Il a fallu attendre la loi du 29 juillet 1982 sur la communication audiovisuelle et la mise en place de la Haute autorité de la communication audiovisuelle, devenue en 1989 le Conseil supérieur de l’audiovisuel, pour qu’advienne une véritable émancipation de l’audiovisuel public à l’égard du pouvoir exécutif, ainsi que je l’évoquais tout à l’heure, et que soit instaurée une procédure transparente et objective de nomination des présidents des sociétés nationales de programme par une autorité administrative indépendante. La loi organique du 5 mars 2009 a marqué un véritable recul en la matière. Les projets discutés aujourd’hui introduisent un pas supplémentaire vers l’indépendance du CSA. Je remercie Mme la ministre, le Gouvernement et la commission d’avoir soutenu une nouvelle émancipation à l’égard du politique, affirmant ainsi la structuration d’une société qui n’est pas uniquement articulée entre un chef et les administrés mais qui compte avec des corps intermédiaires éduqués, structurés, intelligents et qui veulent être intelligibles.

En fixant ainsi la procédure de nomination, nous assumons une réalité d’indépendance et non pas, comme la loi du 5 mars 2009, une présomption de dépendance à l’égard du pouvoir exécutif. L’indépendance de l’audiovisuel constitue une exigence constitutionnelle. Dans le respect de cette exigence, le projet de loi organique dont j’ai l’honneur d’être la rapporteure ainsi que le projet de loi ordinaire rapporté par notre collègue Marcel Rogemont, dont je tiens ici à saluer une fois de plus le travail, visent tous deux à mettre fin à la présomption de dépendance et à renforcer les garanties d’indépendance, de transparence et d’objectivité de la procédure de nomination. À cet effet, le projet de loi ordinaire restitue au Conseil supérieur de l’audiovisuel, autorité administrative, le soin de désigner à la majorité de ses membres les présidents des trois sociétés nationales de programmes, revenant ainsi aux règles applicables avant l’entrée en vigueur de la loi organique du 5 mars 2009.

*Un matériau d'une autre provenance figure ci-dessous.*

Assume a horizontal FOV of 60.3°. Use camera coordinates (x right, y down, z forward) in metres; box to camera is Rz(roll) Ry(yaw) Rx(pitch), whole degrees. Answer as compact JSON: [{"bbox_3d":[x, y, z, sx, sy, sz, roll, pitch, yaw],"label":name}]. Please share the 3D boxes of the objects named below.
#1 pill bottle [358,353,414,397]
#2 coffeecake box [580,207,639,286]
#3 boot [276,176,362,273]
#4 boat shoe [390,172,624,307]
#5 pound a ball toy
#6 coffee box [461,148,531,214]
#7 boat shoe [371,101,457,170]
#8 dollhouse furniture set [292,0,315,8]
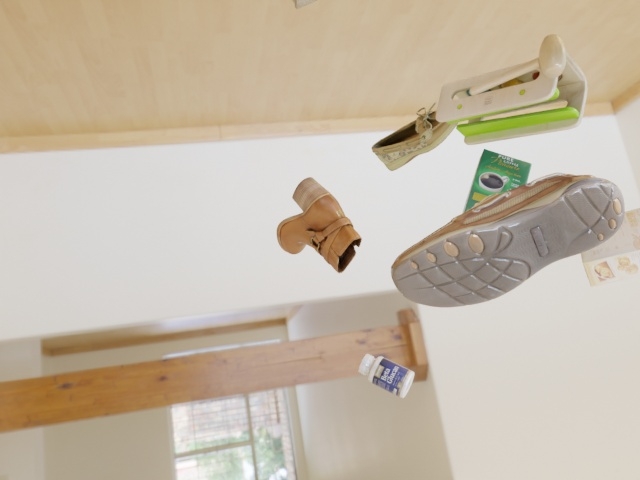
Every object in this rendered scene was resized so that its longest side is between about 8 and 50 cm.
[{"bbox_3d":[0.216,0.443,1.824,0.169,0.094,0.094,22,176,21],"label":"pill bottle"},{"bbox_3d":[0.625,0.005,1.109,0.185,0.068,0.142,-18,-154,27],"label":"coffeecake box"},{"bbox_3d":[0.000,0.000,1.428,0.109,0.220,0.283,-20,150,-38],"label":"boot"},{"bbox_3d":[0.255,-0.004,0.790,0.324,0.123,0.116,-21,-156,6],"label":"boat shoe"},{"bbox_3d":[0.383,-0.316,1.117,0.208,0.136,0.319,26,163,-36],"label":"pound a ball toy"},{"bbox_3d":[0.381,-0.105,1.193,0.113,0.184,0.040,18,154,9],"label":"coffee box"},{"bbox_3d":[0.262,-0.292,1.519,0.089,0.105,0.285,37,134,-21],"label":"boat shoe"},{"bbox_3d":[-0.045,-0.764,1.495,0.129,0.129,0.184,-28,154,-12],"label":"dollhouse furniture set"}]
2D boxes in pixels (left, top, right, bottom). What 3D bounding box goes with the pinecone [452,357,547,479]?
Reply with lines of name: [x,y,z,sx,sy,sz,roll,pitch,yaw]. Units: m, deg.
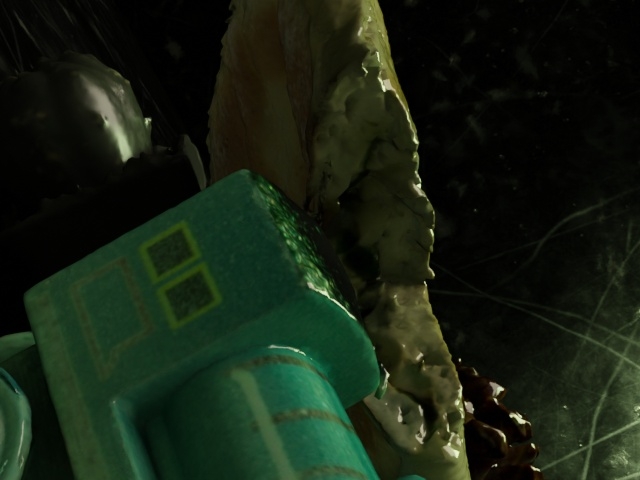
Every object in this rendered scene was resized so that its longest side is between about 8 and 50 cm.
pinecone: [0.060,0.212,0.811,0.224,0.272,0.224,35,-23,17]

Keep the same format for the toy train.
toy train: [-0.038,0.123,0.356,0.298,0.194,0.120,61,1,39]

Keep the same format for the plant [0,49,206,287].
plant: [-0.145,-0.013,0.752,0.256,0.142,0.164,63,1,-12]

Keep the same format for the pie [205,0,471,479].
pie: [0.000,0.000,0.587,0.337,0.075,0.337,169,-90,-74]
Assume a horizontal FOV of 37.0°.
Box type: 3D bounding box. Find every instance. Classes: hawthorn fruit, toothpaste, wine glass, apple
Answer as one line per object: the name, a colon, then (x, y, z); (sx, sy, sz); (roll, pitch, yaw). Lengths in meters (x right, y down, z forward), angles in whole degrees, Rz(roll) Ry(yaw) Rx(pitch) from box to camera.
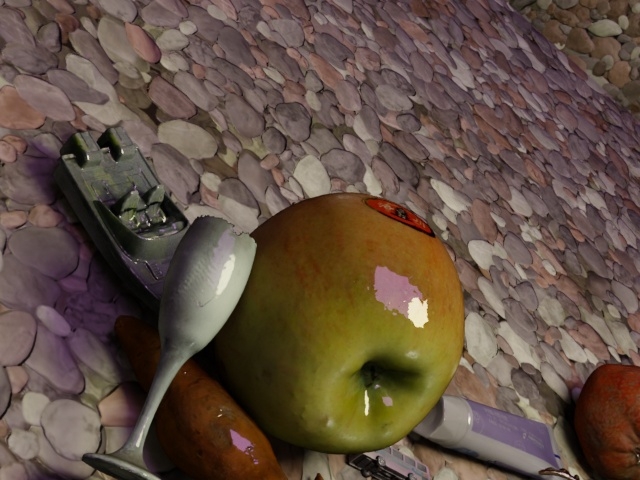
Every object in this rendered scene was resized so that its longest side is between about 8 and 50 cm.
hawthorn fruit: (0.565, 0.317, 1.739); (0.210, 0.210, 0.262); (41, 22, -9)
toothpaste: (0.294, 0.321, 1.555); (0.371, 0.080, 0.125); (23, 41, -38)
wine glass: (-0.237, 0.085, 1.074); (0.264, 0.096, 0.310); (26, 65, -14)
apple: (0.029, 0.109, 1.246); (0.338, 0.338, 0.305); (32, 20, -21)

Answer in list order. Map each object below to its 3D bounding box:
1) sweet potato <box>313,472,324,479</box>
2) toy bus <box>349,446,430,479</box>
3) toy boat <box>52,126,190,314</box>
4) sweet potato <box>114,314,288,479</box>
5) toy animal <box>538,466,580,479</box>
sweet potato: (-0.004, 0.346, 1.250); (0.034, 0.034, 0.095); (34, 38, -18)
toy bus: (0.101, 0.323, 1.377); (0.130, 0.037, 0.052); (32, 36, -22)
toy boat: (-0.235, -0.009, 1.297); (0.141, 0.092, 0.320); (-20, 73, -53)
sweet potato: (-0.139, 0.227, 1.148); (0.112, 0.112, 0.359); (-5, 37, -48)
toy animal: (0.446, 0.452, 1.455); (0.243, 0.087, 0.260); (9, 18, 5)

Le dispositif envisagé est pleinement conforme aux exigences formulées par le Conseil constitutionnel, qui a constamment veillé à ce que la procédure de nomination des dirigeants des sociétés nationales de programmes garantisse l’indépendance de ces dernières. Ainsi, dans une décision du 26 juillet 1989, il a considéré que la nomination des dirigeants par le CSA permettait « d’assurer l’indépendance des sociétés nationales de programme chargées de la conception et de la programmation d’émissions de radiodiffusion sonore ou de télévision et de concourir ainsi à la mise en oeuvre de la liberté de communication proclamée par l’article 11 de la Déclaration des droits de l’homme et du citoyen de 1789 ».

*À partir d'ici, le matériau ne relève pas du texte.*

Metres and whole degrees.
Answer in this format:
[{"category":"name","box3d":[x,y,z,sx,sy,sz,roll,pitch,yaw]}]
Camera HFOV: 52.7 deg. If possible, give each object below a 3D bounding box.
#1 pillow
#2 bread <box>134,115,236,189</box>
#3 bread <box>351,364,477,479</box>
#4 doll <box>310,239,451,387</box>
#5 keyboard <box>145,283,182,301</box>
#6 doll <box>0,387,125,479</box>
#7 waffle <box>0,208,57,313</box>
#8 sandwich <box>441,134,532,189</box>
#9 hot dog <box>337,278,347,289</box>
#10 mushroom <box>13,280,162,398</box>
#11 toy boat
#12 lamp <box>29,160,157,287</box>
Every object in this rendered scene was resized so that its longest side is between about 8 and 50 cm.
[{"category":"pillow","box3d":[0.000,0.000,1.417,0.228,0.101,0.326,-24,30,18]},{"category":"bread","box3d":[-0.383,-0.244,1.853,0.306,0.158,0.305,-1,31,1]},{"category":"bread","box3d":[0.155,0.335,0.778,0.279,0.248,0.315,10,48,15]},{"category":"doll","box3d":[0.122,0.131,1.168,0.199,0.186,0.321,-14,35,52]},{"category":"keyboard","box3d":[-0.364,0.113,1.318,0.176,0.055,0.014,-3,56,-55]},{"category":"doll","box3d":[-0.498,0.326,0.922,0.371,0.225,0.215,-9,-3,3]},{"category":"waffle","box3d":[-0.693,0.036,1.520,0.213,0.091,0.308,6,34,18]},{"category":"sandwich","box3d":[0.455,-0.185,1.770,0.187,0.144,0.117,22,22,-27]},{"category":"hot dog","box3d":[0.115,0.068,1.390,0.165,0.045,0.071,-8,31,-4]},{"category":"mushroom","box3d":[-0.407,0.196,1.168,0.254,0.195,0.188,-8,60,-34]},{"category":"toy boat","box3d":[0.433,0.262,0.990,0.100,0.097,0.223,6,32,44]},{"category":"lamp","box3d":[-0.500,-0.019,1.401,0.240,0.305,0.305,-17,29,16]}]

Dans ces conditions, la nomination des présidents des sociétés nationales de programmes par une autorité administrative indépendante, en l’occurrence le CSA, permettra, comme par le passé, de lever tout soupçon sur une éventuelle immixtion du pouvoir exécutif dans un secteur particulièrement important au regard de la préservation de la liberté de communication et de garantir, dans le respect des exigences constitutionnelles, l’indépendance des sociétés audiovisuelles et de radiodiffusion publiques. Tirant les conséquences du nouveau mode de nomination, le projet de loi organique qui nous est soumis abroge, à son article 1er, la loi organique du 5 mars 2009 et supprime, à son article 2, les références aux présidents de France Télévisions, de Radio France et de la société en charge de l’audiovisuel extérieur de la France dans le tableau annexé à la loi organique no 2010-837 du 23 juillet 2010 relative à l’application du cinquième alinéa de l’article 13 de la Constitution.